OpenStack and NVMe-over-Fabrics: Getting higher performance for network-connected SSDs

The evolvement of the NVMe interface protocol is a boon to SSD-based storage arrays. It further powered SSDs (solid state drives) to obtain high performance and reduced latency for accessing data. Benefits further extended by the NVMe over Fabrics network protocol brings NVMe feature retained over the network fabric, while accessing the storage array remotely. Let’s understand how.While leveraging NVMe protocol with storage arrays consists of high-speed NAND and SSDs, a latency was experienced when NVMe based storage arrays were accessed through shared storage or storage area networks (SAN). In SAN, data should be transferred between the host (initiator) and the NVMe-enabled storage array (target) over Ethernet, RDMA technologies (iWARP/RoCE), or Fibre Channel.
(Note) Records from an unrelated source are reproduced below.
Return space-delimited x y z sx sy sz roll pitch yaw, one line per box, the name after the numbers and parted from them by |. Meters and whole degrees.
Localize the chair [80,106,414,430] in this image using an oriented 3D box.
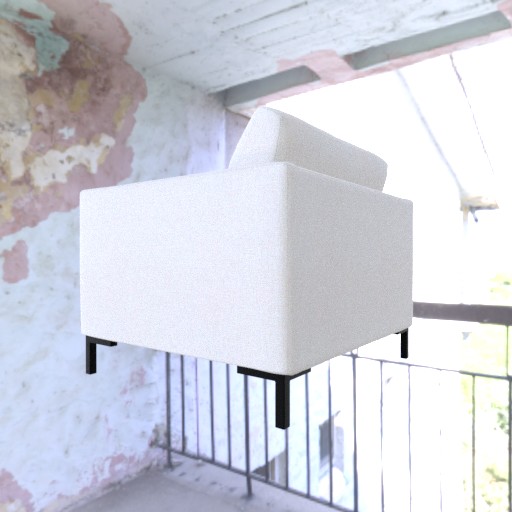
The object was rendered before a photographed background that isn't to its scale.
0.000 0.000 1.640 0.875 0.806 0.964 0 0 37 | chair
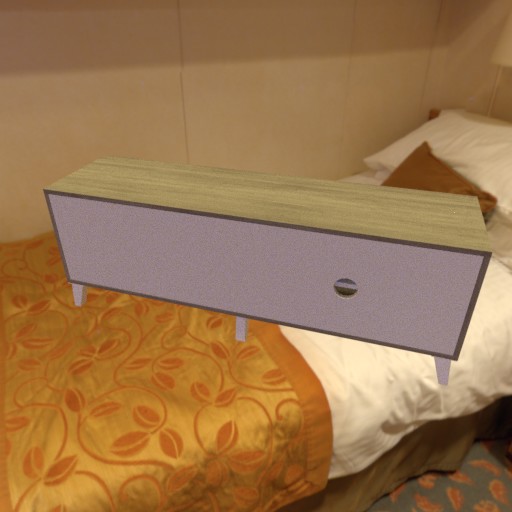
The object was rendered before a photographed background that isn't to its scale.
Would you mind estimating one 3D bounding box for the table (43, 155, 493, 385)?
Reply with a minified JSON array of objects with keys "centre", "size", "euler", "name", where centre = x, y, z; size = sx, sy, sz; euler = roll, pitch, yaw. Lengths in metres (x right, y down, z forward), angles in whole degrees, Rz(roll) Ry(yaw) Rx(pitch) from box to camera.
[{"centre":[0.000,0.000,1.720],"size":[1.500,0.530,0.400],"euler":[9,32,15],"name":"table"}]
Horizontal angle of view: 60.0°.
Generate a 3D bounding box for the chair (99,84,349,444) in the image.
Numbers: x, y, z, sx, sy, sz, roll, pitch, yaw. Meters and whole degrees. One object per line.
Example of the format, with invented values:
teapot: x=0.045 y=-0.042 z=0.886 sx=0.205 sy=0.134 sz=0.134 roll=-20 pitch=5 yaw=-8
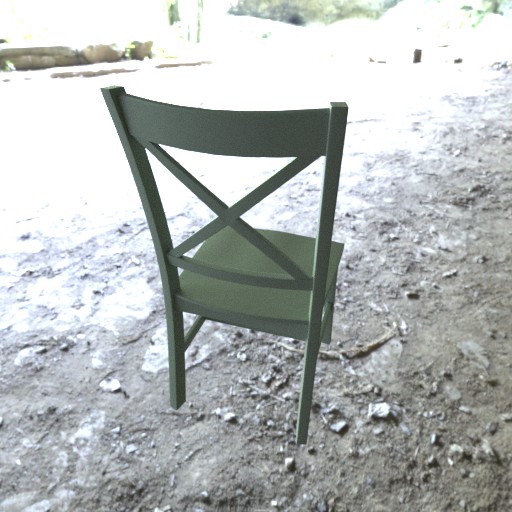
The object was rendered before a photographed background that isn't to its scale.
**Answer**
chair: x=0.000 y=0.000 z=1.265 sx=0.485 sy=0.983 sz=0.542 roll=10 pitch=34 yaw=15
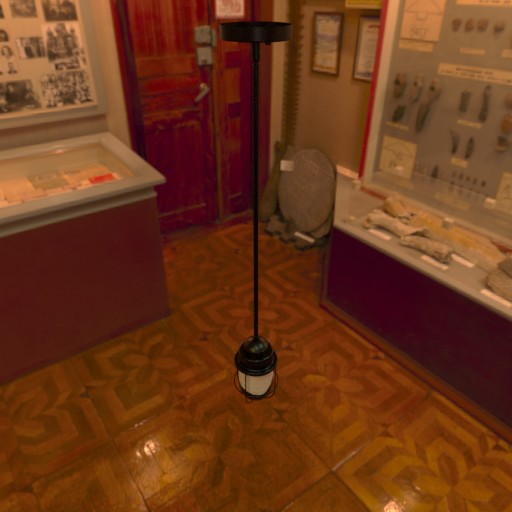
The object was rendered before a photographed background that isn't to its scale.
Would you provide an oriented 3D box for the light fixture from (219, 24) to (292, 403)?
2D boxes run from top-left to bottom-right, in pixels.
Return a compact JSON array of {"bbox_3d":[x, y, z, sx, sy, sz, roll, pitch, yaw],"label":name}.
[{"bbox_3d":[0.000,0.000,0.989,0.123,0.920,0.123,-20,37,-29],"label":"light fixture"}]
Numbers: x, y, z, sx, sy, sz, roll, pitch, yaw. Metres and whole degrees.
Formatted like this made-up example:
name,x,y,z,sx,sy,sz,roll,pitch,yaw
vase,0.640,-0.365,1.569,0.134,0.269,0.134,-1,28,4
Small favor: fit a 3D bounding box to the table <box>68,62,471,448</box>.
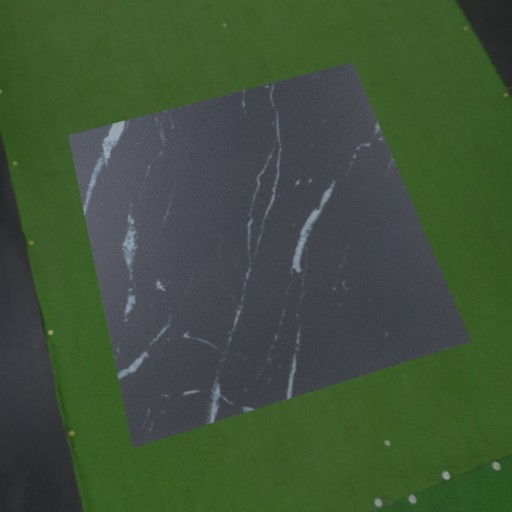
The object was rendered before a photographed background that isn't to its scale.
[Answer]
name,x,y,z,sx,sy,sz,roll,pitch,yaw
table,0.000,0.000,1.316,0.800,0.450,0.800,-16,75,-4
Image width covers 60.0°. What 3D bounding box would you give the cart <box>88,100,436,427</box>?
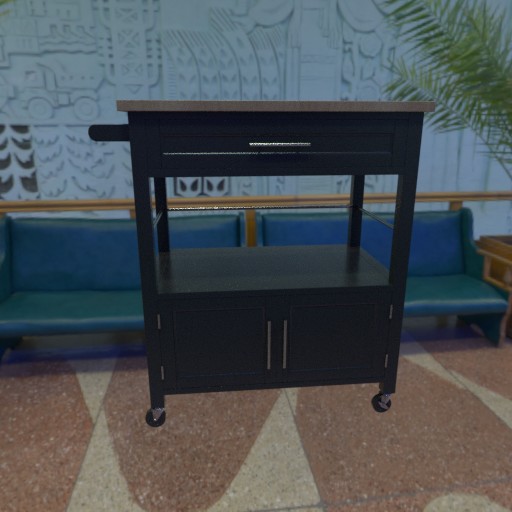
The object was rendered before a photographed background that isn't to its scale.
[{"bbox_3d":[0.000,0.000,1.389,0.840,0.901,0.459,-2,17,-6],"label":"cart"}]
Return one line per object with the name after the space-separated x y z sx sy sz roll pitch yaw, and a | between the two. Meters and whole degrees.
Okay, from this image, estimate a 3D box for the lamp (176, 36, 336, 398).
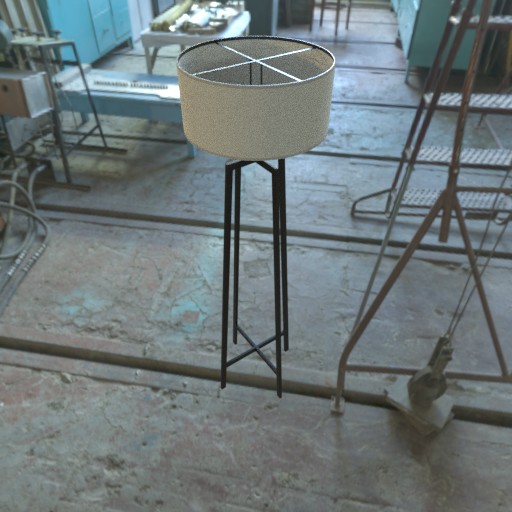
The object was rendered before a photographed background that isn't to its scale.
0.000 0.000 1.771 0.456 1.510 0.457 -25 46 -26 | lamp
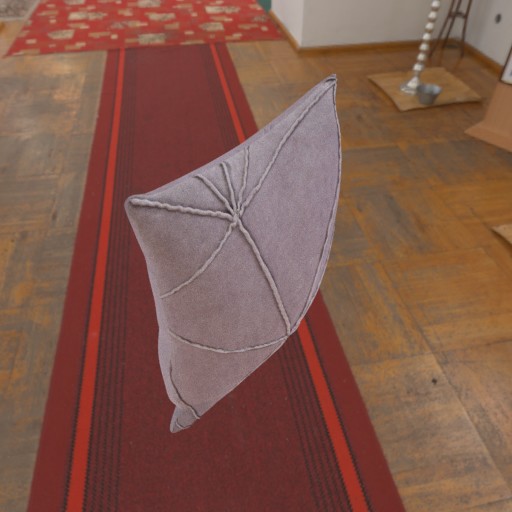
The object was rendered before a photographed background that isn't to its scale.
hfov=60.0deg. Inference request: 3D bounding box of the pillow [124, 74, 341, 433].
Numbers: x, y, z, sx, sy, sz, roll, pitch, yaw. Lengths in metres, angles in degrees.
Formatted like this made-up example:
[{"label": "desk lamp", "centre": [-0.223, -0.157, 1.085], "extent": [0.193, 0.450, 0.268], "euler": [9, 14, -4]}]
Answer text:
[{"label": "pillow", "centre": [0.000, 0.000, 0.684], "extent": [0.185, 0.440, 0.439], "euler": [25, 47, 25]}]
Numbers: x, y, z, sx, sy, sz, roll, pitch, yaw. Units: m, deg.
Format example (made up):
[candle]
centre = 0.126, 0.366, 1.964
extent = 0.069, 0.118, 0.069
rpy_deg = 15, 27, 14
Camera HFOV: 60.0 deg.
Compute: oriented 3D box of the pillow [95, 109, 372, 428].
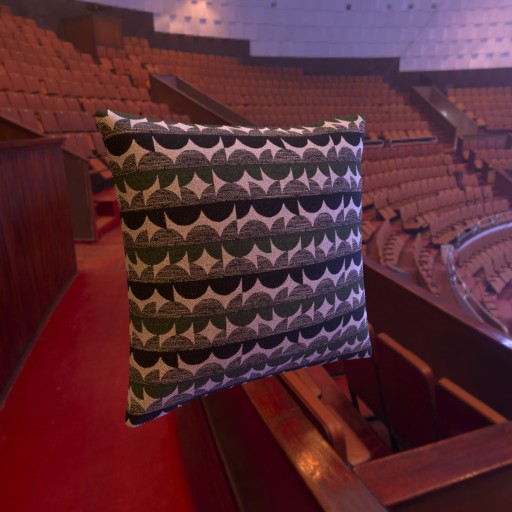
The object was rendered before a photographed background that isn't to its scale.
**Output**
[pillow]
centre = 0.000, 0.000, 0.648
extent = 0.419, 0.404, 0.180
rpy_deg = -8, 18, -27

Latency was caused due a translation of SCSI commands into NVMe commands, in the data transportation process. To address this bottleneck, NVM Express introduced the NVMe over Fabrics protocol, to get replaced with iSCSI as a storage networking protocol. With this, the benefits of NVMe were taken onto network fabrics in a SAN-kind of architecture to have a complete end-to-end NVMe-based storage model which is highly efficient for modern workloads. NVMe-oF supports all available network fabrics technologies, such as RDMA (RoCE, iWARP), Fibre Channel (FC-NVMe), Infiniband, Future Fabrics, and Intel Omni-Path architecture.